Chicago Torture Justice Center addresses trauma in communities of color

CHICAGO-Healing Illinois grantee Chicago Torture Justice Center (CTJC) has developed two new trainings to help people dealing with trauma caused by police violence.

Cindy Eigler, CTJC'S executive director, wants the trainees to be able to help support others in the community. Trainings began at the end of 2020 and will run at regular intervals as long as demand is there.

Race-Based Trauma 101 is designed to train the community members to recognize trauma and learn accessible practices to address it. Families of those killed by police, organizers against police violence, and survivors of police violence themselves will benefit from this training.

The other training, the Politicized Healing Collective, is a cohort of front-line organizers and community leaders who are working on state and structural violence and who are directly impacted by it. They will be trained to integrate awareness and politicized healing practices into their work to help themselves, their communities, and each other.

Opened in 2017 on the South Side of Chicago, CTJC offers psychological and physical therapies to help those impacted by police brutality.

Mark Clements has experienced trauma, having survived torture at the hands of police when he was 16-years-old. He has benefited from every CTJC service-including acupuncture, massage therapy, craniosacral therapy, and trauma counseling. "They could have a program to ride a bike, and I'd get it into that," he says. Each service "gives me the opportunity to see out of a lens that brings some kind of hope."

A report by USA Today says the physical responses of trauma survivors live in the brain. These physical responses, such as increased heart rate or uncontrollable crying, can resurface whenever feelings of danger, uncontrollability or unpredictability are triggered. (1)

Clements reflects on his trauma. "Your body feels like a rock because you carry around invisible weights, and those weights never fall."

As a CTJC organizer, when he educates members of his community on how to recognize trauma, he points out that the effects are there even if "there's no charges brought against a person." He pushes back against a certain line of thinking where one might say, "'The police beat me. Now I can run in the house and stay in the house for two or three days, and everything is going to be OK.'"

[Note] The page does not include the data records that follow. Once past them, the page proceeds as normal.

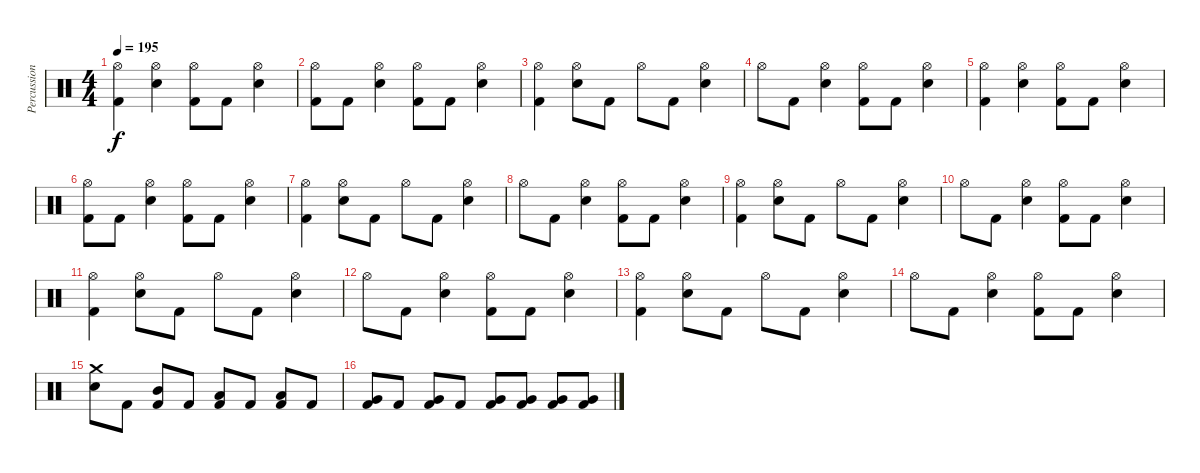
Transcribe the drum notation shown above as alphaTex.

\track ("Percussion" "Percussion") {instrument percussion}
\staff {score}
\articulation defaults
\ts (4 4)
\tempo 195
\clef neutral
\ks c
("Hi-Hat (open)" "Kick (hit) 2").4{dy f} ("Hi-Hat (open)" "Snare (hit) 2").4 ("Hi-Hat (open)" "Kick (hit) 2").8 "Kick (hit) 2".8 ("Hi-Hat (open)" "Snare (hit) 2").4 |
("Hi-Hat (open)" "Kick (hit) 2").8 "Kick (hit) 2".8 ("Hi-Hat (open)" "Snare (hit) 2").4 ("Hi-Hat (open)" "Kick (hit) 2").8 "Kick (hit) 2".8 ("Hi-Hat (open)" "Snare (hit) 2").4 |
("Hi-Hat (open)" "Kick (hit) 2").4 ("Hi-Hat (open)" "Snare (hit) 2").8 "Kick (hit) 2".8 "Hi-Hat (open)".8 "Kick (hit) 2".8 ("Hi-Hat (open)" "Snare (hit) 2").4 |
"Hi-Hat (open)".8 "Kick (hit) 2".8 ("Hi-Hat (open)" "Snare (hit) 2").4 ("Hi-Hat (open)" "Kick (hit) 2").8 "Kick (hit) 2".8 ("Hi-Hat (open)" "Snare (hit) 2").4 |
("Hi-Hat (open)" "Kick (hit) 2").4 ("Hi-Hat (open)" "Snare (hit) 2").4 ("Hi-Hat (open)" "Kick (hit) 2").8 "Kick (hit) 2".8 ("Hi-Hat (open)" "Snare (hit) 2").4 |
("Hi-Hat (open)" "Kick (hit) 2").8 "Kick (hit) 2".8 ("Hi-Hat (open)" "Snare (hit) 2").4 ("Hi-Hat (open)" "Kick (hit) 2").8 "Kick (hit) 2".8 ("Hi-Hat (open)" "Snare (hit) 2").4 |
("Hi-Hat (open)" "Kick (hit) 2").4 ("Hi-Hat (open)" "Snare (hit) 2").8 "Kick (hit) 2".8 "Hi-Hat (open)".8 "Kick (hit) 2".8 ("Hi-Hat (open)" "Snare (hit) 2").4 |
"Hi-Hat (open)".8 "Kick (hit) 2".8 ("Hi-Hat (open)" "Snare (hit) 2").4 ("Hi-Hat (open)" "Kick (hit) 2").8 "Kick (hit) 2".8 ("Hi-Hat (open)" "Snare (hit) 2").4 |
("Hi-Hat (open)" "Kick (hit) 2").4 ("Hi-Hat (open)" "Snare (hit) 2").8 "Kick (hit) 2".8 "Hi-Hat (open)".8 "Kick (hit) 2".8 ("Hi-Hat (open)" "Snare (hit) 2").4 |
"Hi-Hat (open)".8 "Kick (hit) 2".8 ("Hi-Hat (open)" "Snare (hit) 2").4 ("Hi-Hat (open)" "Kick (hit) 2").8 "Kick (hit) 2".8 ("Hi-Hat (open)" "Snare (hit) 2").4 |
("Hi-Hat (open)" "Kick (hit) 2").4 ("Hi-Hat (open)" "Snare (hit) 2").8 "Kick (hit) 2".8 "Hi-Hat (open)".8 "Kick (hit) 2".8 ("Hi-Hat (open)" "Snare (hit) 2").4 |
"Hi-Hat (open)".8 "Kick (hit) 2".8 ("Hi-Hat (open)" "Snare (hit) 2").4 ("Hi-Hat (open)" "Kick (hit) 2").8 "Kick (hit) 2".8 ("Hi-Hat (open)" "Snare (hit) 2").4 |
("Hi-Hat (open)" "Kick (hit) 2").4 ("Hi-Hat (open)" "Snare (hit) 2").8 "Kick (hit) 2".8 "Hi-Hat (open)".8 "Kick (hit) 2".8 ("Hi-Hat (open)" "Snare (hit) 2").4 |
"Hi-Hat (open)".8 "Kick (hit) 2".8 ("Hi-Hat (open)" "Snare (hit) 2").4 ("Hi-Hat (open)" "Kick (hit) 2").8 "Kick (hit) 2".8 ("Hi-Hat (open)" "Snare (hit) 2").4 |
("Crash medium (hit)" "Snare (hit) 2").8 "Kick (hit) 2".8 ("Mid Tom (hit)" "Kick (hit) 2").8 "Kick (hit) 2".8 ("Low Tom (hit)" "Kick (hit) 2").8 "Kick (hit) 2".8 ("Low Tom (hit)" "Kick (hit) 2").8 "Kick (hit) 2".8 |
("Very Low Tom (hit)" "Kick (hit) 2").8 "Kick (hit) 2".8 ("Very Low Tom (hit)" "Kick (hit) 2").8 "Kick (hit) 2".8 ("Very Low Tom (hit)" "Kick (hit) 2").8 ("Very Low Tom (hit)" "Kick (hit) 2").8 ("Very Low Tom (hit)" "Kick (hit) 2").8 ("Very Low Tom (hit)" "Kick (hit) 2").8
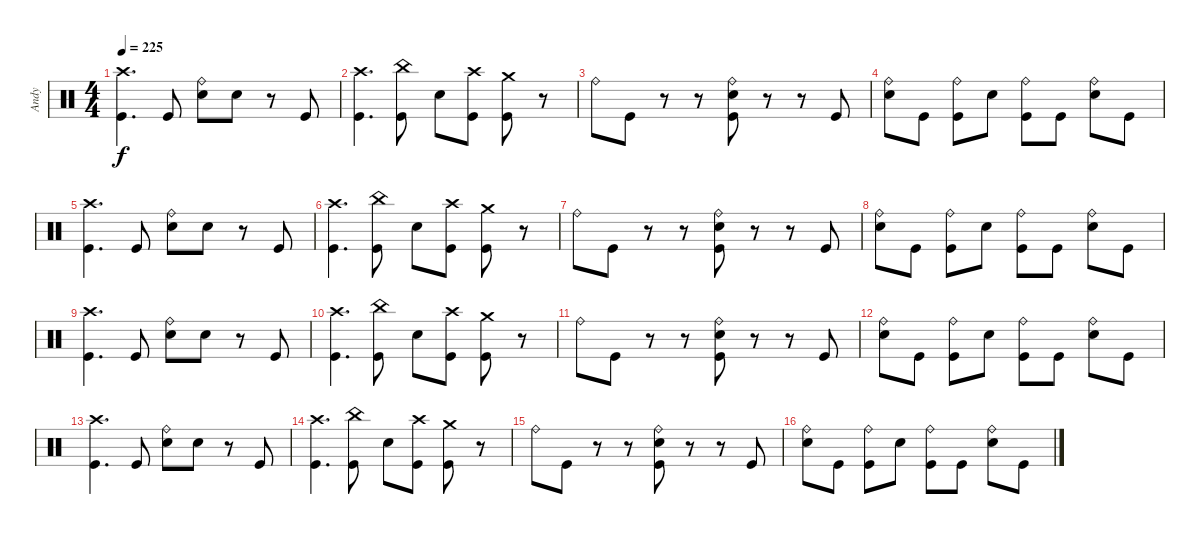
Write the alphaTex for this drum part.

\track ("Andy" "Andy") {instrument percussion}
\staff {score}
\articulation defaults
\ts (4 4)
\tempo 225
\clef neutral
\ks c
("Kick (hit)" "Crash high (hit)").4{d dy f} "Kick (hit)".8 ("Snare (hit) 2" "Ride (bell)").8 "Snare (hit) 2".8 r.8 "Kick (hit)".8 |
("Kick (hit)" "Crash high (hit)").4{d} ("Kick (hit)" "China (hit)").8 "Snare (hit) 2".8 ("Kick (hit)" "Crash high (hit)").8 ("Crash medium (hit)" "Kick (hit)").8 r.8 |
"Ride (bell)".8 "Kick (hit)".8 r.8 r.8 ("Kick (hit)" "Snare (hit) 2" "Ride (bell)").8 r.8 r.8 "Kick (hit)".8 |
("Snare (hit) 2" "Ride (bell)").8 "Kick (hit)".8 ("Kick (hit)" "Ride (bell)").8 "Snare (hit) 2".8 ("Kick (hit)" "Ride (bell)").8 "Kick (hit)".8 ("Snare (hit) 2" "Ride (bell)").8 "Kick (hit)".8 |
("Kick (hit)" "Crash high (hit)").4{d} "Kick (hit)".8 ("Snare (hit) 2" "Ride (bell)").8 "Snare (hit) 2".8 r.8 "Kick (hit)".8 |
("Kick (hit)" "Crash high (hit)").4{d} ("Kick (hit)" "China (hit)").8 "Snare (hit) 2".8 ("Kick (hit)" "Crash high (hit)").8 ("Crash medium (hit)" "Kick (hit)").8 r.8 |
"Ride (bell)".8 "Kick (hit)".8 r.8 r.8 ("Kick (hit)" "Snare (hit) 2" "Ride (bell)").8 r.8 r.8 "Kick (hit)".8 |
("Snare (hit) 2" "Ride (bell)").8 "Kick (hit)".8 ("Kick (hit)" "Ride (bell)").8 "Snare (hit) 2".8 ("Kick (hit)" "Ride (bell)").8 "Kick (hit)".8 ("Snare (hit) 2" "Ride (bell)").8 "Kick (hit)".8 |
("Kick (hit)" "Crash high (hit)").4{d} "Kick (hit)".8 ("Snare (hit) 2" "Ride (bell)").8 "Snare (hit) 2".8 r.8 "Kick (hit)".8 |
("Kick (hit)" "Crash high (hit)").4{d} ("Kick (hit)" "China (hit)").8 "Snare (hit) 2".8 ("Kick (hit)" "Crash high (hit)").8 ("Crash medium (hit)" "Kick (hit)").8 r.8 |
"Ride (bell)".8 "Kick (hit)".8 r.8 r.8 ("Kick (hit)" "Snare (hit) 2" "Ride (bell)").8 r.8 r.8 "Kick (hit)".8 |
("Snare (hit) 2" "Ride (bell)").8 "Kick (hit)".8 ("Kick (hit)" "Ride (bell)").8 "Snare (hit) 2".8 ("Kick (hit)" "Ride (bell)").8 "Kick (hit)".8 ("Snare (hit) 2" "Ride (bell)").8 "Kick (hit)".8 |
("Kick (hit)" "Crash high (hit)").4{d} "Kick (hit)".8 ("Snare (hit) 2" "Ride (bell)").8 "Snare (hit) 2".8 r.8 "Kick (hit)".8 |
("Kick (hit)" "Crash high (hit)").4{d} ("Kick (hit)" "China (hit)").8 "Snare (hit) 2".8 ("Kick (hit)" "Crash high (hit)").8 ("Crash medium (hit)" "Kick (hit)").8 r.8 |
"Ride (bell)".8 "Kick (hit)".8 r.8 r.8 ("Kick (hit)" "Snare (hit) 2" "Ride (bell)").8 r.8 r.8 "Kick (hit)".8 |
("Snare (hit) 2" "Ride (bell)").8 "Kick (hit)".8 ("Kick (hit)" "Ride (bell)").8 "Snare (hit) 2".8 ("Kick (hit)" "Ride (bell)").8 "Kick (hit)".8 ("Snare (hit) 2" "Ride (bell)").8 "Kick (hit)".8
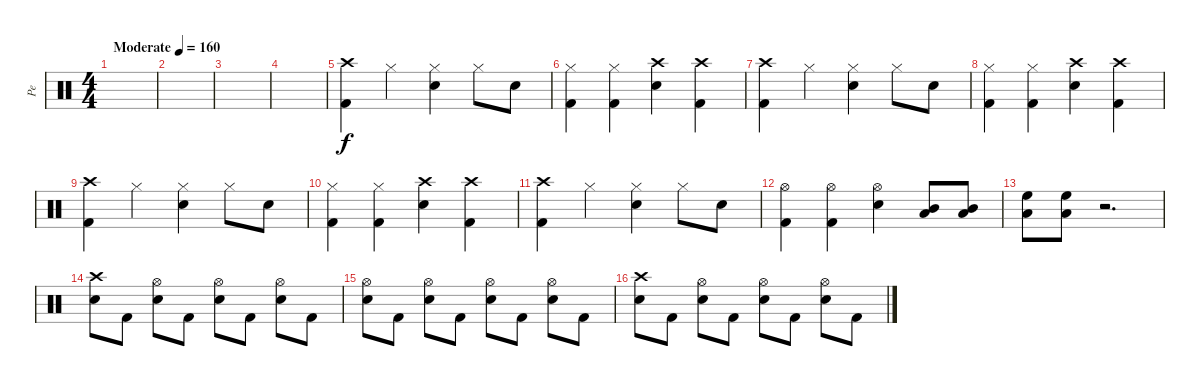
\track ("Pe" "Pe") {instrument percussion}
\staff {score}
\articulation defaults
\ts (4 4)
\tempo (160 "Moderate")
\clef neutral
\ks c
|
|
|
|
("Crash high (hit)" "Kick (hit) 2").4 "Hi-Hat (closed)".4 ("Hi-Hat (closed)" "Snare (hit) 2").4 "Hi-Hat (closed)".8 "Snare (hit) 2".8 |
("Hi-Hat (closed)" "Kick (hit) 2").4 ("Hi-Hat (closed)" "Kick (hit) 2").4 ("Crash high (hit)" "Snare (hit) 2").4 ("Crash high (hit)" "Kick (hit) 2").4 |
("Crash high (hit)" "Kick (hit) 2").4 "Hi-Hat (closed)".4 ("Hi-Hat (closed)" "Snare (hit) 2").4 "Hi-Hat (closed)".8 "Snare (hit) 2".8 |
("Hi-Hat (closed)" "Kick (hit) 2").4 ("Hi-Hat (closed)" "Kick (hit) 2").4 ("Crash high (hit)" "Snare (hit) 2").4 ("Crash high (hit)" "Kick (hit) 2").4 |
("Crash high (hit)" "Kick (hit) 2").4 "Hi-Hat (closed)".4 ("Hi-Hat (closed)" "Snare (hit) 2").4 "Hi-Hat (closed)".8 "Snare (hit) 2".8 |
("Hi-Hat (closed)" "Kick (hit) 2").4 ("Hi-Hat (closed)" "Kick (hit) 2").4 ("Crash high (hit)" "Snare (hit) 2").4 ("Crash high (hit)" "Kick (hit) 2").4 |
("Crash high (hit)" "Kick (hit) 2").4 "Hi-Hat (closed)".4 ("Hi-Hat (closed)" "Snare (hit) 2").4 "Hi-Hat (closed)".8 "Snare (hit) 2".8 |
("Hi-Hat (open)" "Kick (hit) 2").4 ("Hi-Hat (open)" "Kick (hit) 2").4 ("Hi-Hat (open)" "Snare (hit) 2").4 ("Mid Tom (hit)" "Low Tom (hit)").8 ("Mid Tom (hit)" "Low Tom (hit)").8 |
("High Floor Tom (hit)" "Low Tom (hit)").8 ("High Floor Tom (hit)" "Low Tom (hit)").8 r.2{d} |
("Crash high (hit)" "Snare (hit) 2").8 "Kick (hit) 2".8 ("Hi-Hat (open)" "Snare (hit) 2").8 "Kick (hit) 2".8 ("Hi-Hat (open)" "Snare (hit) 2").8 "Kick (hit) 2".8 ("Hi-Hat (open)" "Snare (hit) 2").8 "Kick (hit) 2".8 |
("Hi-Hat (open)" "Snare (hit) 2").8 "Kick (hit) 2".8 ("Hi-Hat (open)" "Snare (hit) 2").8 "Kick (hit) 2".8 ("Hi-Hat (open)" "Snare (hit) 2").8 "Kick (hit) 2".8 ("Hi-Hat (open)" "Snare (hit) 2").8 "Kick (hit) 2".8 |
("Crash high (hit)" "Snare (hit) 2").8 "Kick (hit) 2".8 ("Hi-Hat (open)" "Snare (hit) 2").8 "Kick (hit) 2".8 ("Hi-Hat (open)" "Snare (hit) 2").8 "Kick (hit) 2".8 ("Hi-Hat (open)" "Snare (hit) 2").8 "Kick (hit) 2".8
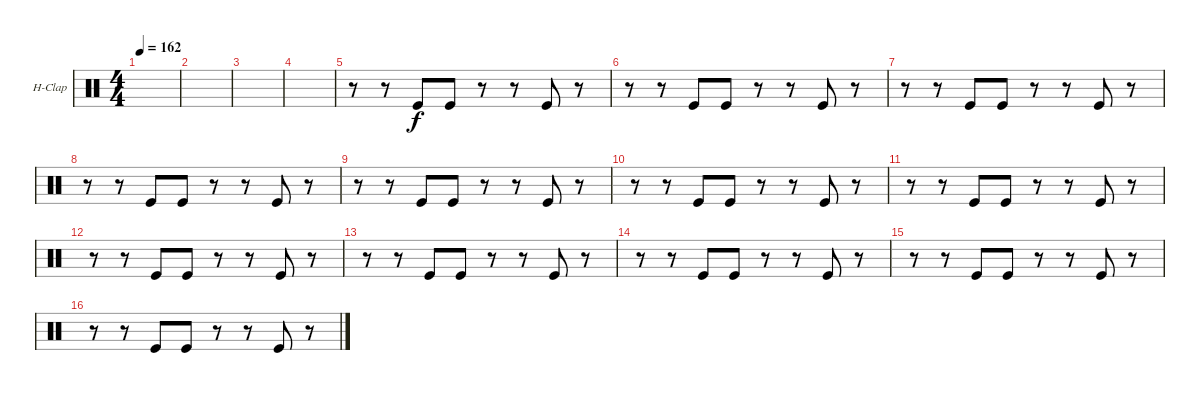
\defaultSystemsLayout 4
\bracketExtendMode groupsimilarinstruments
\firstSystemTrackNameOrientation horizontal
\otherSystemsTrackNameOrientation horizontal
\track ("Hand Clap" "H-Clap") {instrument percussion}
\staff {score}
\articulation defaults
\ts (4 4)
\tempo 162
\clef neutral
\ks c
|
|
|
|
r.8 r.8 "Kick (hit)".8 "Kick (hit)".8 r.8 r.8 "Kick (hit)".8 r.8 |
r.8 r.8 "Kick (hit)".8 "Kick (hit)".8 r.8 r.8 "Kick (hit)".8 r.8 |
r.8 r.8 "Kick (hit)".8 "Kick (hit)".8 r.8 r.8 "Kick (hit)".8 r.8 |
r.8 r.8 "Kick (hit)".8 "Kick (hit)".8 r.8 r.8 "Kick (hit)".8 r.8 |
r.8 r.8 "Kick (hit)".8 "Kick (hit)".8 r.8 r.8 "Kick (hit)".8 r.8 |
r.8 r.8 "Kick (hit)".8 "Kick (hit)".8 r.8 r.8 "Kick (hit)".8 r.8 |
r.8 r.8 "Kick (hit)".8 "Kick (hit)".8 r.8 r.8 "Kick (hit)".8 r.8 |
r.8 r.8 "Kick (hit)".8 "Kick (hit)".8 r.8 r.8 "Kick (hit)".8 r.8 |
r.8 r.8 "Kick (hit)".8 "Kick (hit)".8 r.8 r.8 "Kick (hit)".8 r.8 |
r.8 r.8 "Kick (hit)".8 "Kick (hit)".8 r.8 r.8 "Kick (hit)".8 r.8 |
r.8 r.8 "Kick (hit)".8 "Kick (hit)".8 r.8 r.8 "Kick (hit)".8 r.8 |
r.8 r.8 "Kick (hit)".8 "Kick (hit)".8 r.8 r.8 "Kick (hit)".8 r.8
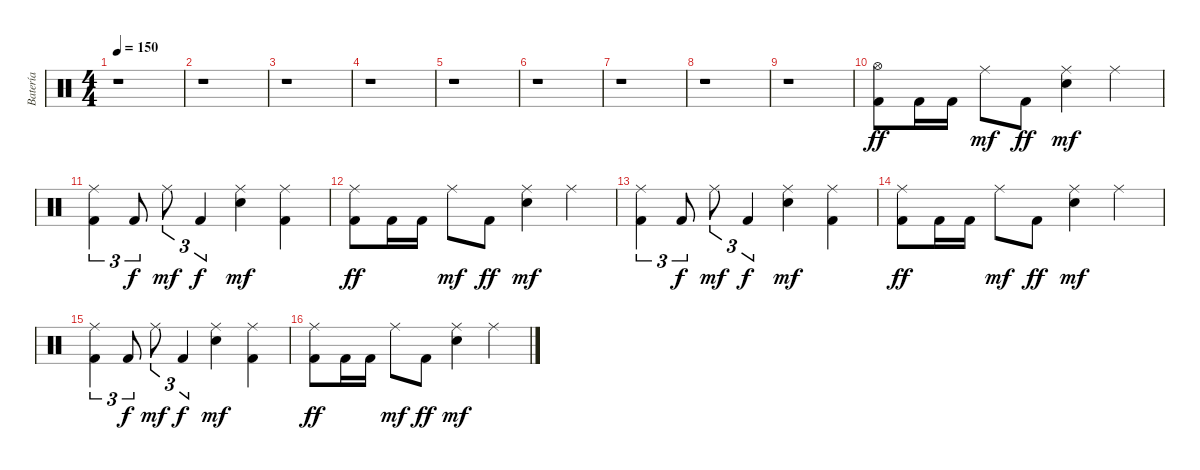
\track ("Batería" "Batería") {instrument percussion}
\staff {score}
\articulation defaults
\ts (4 4)
\tempo 150
\clef neutral
\ks c
r.1{dy ff} |
r.1 |
r.1 |
r.1 |
r.1 |
r.1 |
r.1 |
r.1 |
r.1 |
("Hi-Hat (open)" "Kick (hit) 2").8 "Kick (hit) 2".16 "Kick (hit) 2".16 "Ride (middle)".8{dy mf} "Kick (hit) 2".8{dy ff} ("Ride (middle)" "Electric Snare (hit)").4{dy mf} "Ride (middle)".4 |
("Ride (middle)" "Kick (hit) 2").4{tu (3 2)} "Kick (hit) 2".8{tu (3 2) dy f} "Ride (middle)".8{tu (3 2) dy mf} "Kick (hit) 2".4{tu (3 2) dy f} ("Ride (middle)" "Electric Snare (hit)").4{dy mf} ("Ride (middle)" "Kick (hit) 2").4 |
("Ride (middle)" "Kick (hit) 2").8{dy ff} "Kick (hit) 2".16 "Kick (hit) 2".16 "Ride (middle)".8{dy mf} "Kick (hit) 2".8{dy ff} ("Ride (middle)" "Electric Snare (hit)").4{dy mf} "Ride (middle)".4 |
("Ride (middle)" "Kick (hit) 2").4{tu (3 2)} "Kick (hit) 2".8{tu (3 2) dy f} "Ride (middle)".8{tu (3 2) dy mf} "Kick (hit) 2".4{tu (3 2) dy f} ("Ride (middle)" "Electric Snare (hit)").4{dy mf} ("Ride (middle)" "Kick (hit) 2").4 |
("Ride (middle)" "Kick (hit) 2").8{dy ff} "Kick (hit) 2".16 "Kick (hit) 2".16 "Ride (middle)".8{dy mf} "Kick (hit) 2".8{dy ff} ("Ride (middle)" "Electric Snare (hit)").4{dy mf} "Ride (middle)".4 |
("Ride (middle)" "Kick (hit) 2").4{tu (3 2)} "Kick (hit) 2".8{tu (3 2) dy f} "Ride (middle)".8{tu (3 2) dy mf} "Kick (hit) 2".4{tu (3 2) dy f} ("Ride (middle)" "Electric Snare (hit)").4{dy mf} ("Ride (middle)" "Kick (hit) 2").4 |
("Ride (middle)" "Kick (hit) 2").8{dy ff} "Kick (hit) 2".16 "Kick (hit) 2".16 "Ride (middle)".8{dy mf} "Kick (hit) 2".8{dy ff} ("Ride (middle)" "Electric Snare (hit)").4{dy mf} "Ride (middle)".4

Eigler also wants CTJC participants, many of whom are organizers against police violence, to understand that being well is also "understanding that our health and well-being are inherently political. We want to raise the question for movements of what kinds of change are possible when we are well."

The community in which CTJC sits has historically contended with what Eigler says is police violence, in addition to poverty, unemployment and criminalization processes. The trauma is ongoing because these conditions are persistent, Eigler says.

"There's not a moment where it ends and then you start to recover," she added. "It's always potentially there, and the threat is perpetually there."

Even in mundane experiences, such as exiting a building, a survivor's trauma response may be triggered.

"When you leave the center on the South Side of Chicago in Englewood, you see 100 police cars right away. We know that the ongoing threat of violence against Black folks from the police is ever-present."

CTJC co-founder Joey Mogul sees circumstances surrounding trauma on multiple levels. Formerly incarcerated people face stigma while building a new life. Before that comes a long line of difficult experiences:

"So many people who are violated by the police then have to suffer from what I consider cover-up charges that occur where they are then prosecuted by police officers, often based on false allegations in order to try to cover up the torture and physical abuse and violence that they endured. This then often leads to them having not only to go through the criminal legal system and sometimes being incarcerated, but they also have to suffer that trauma of going through those systems and dealing with the torture and trauma that occurs during incarceration."

Eigler is clear on CJTC's priorities, which she says are also multifaceted.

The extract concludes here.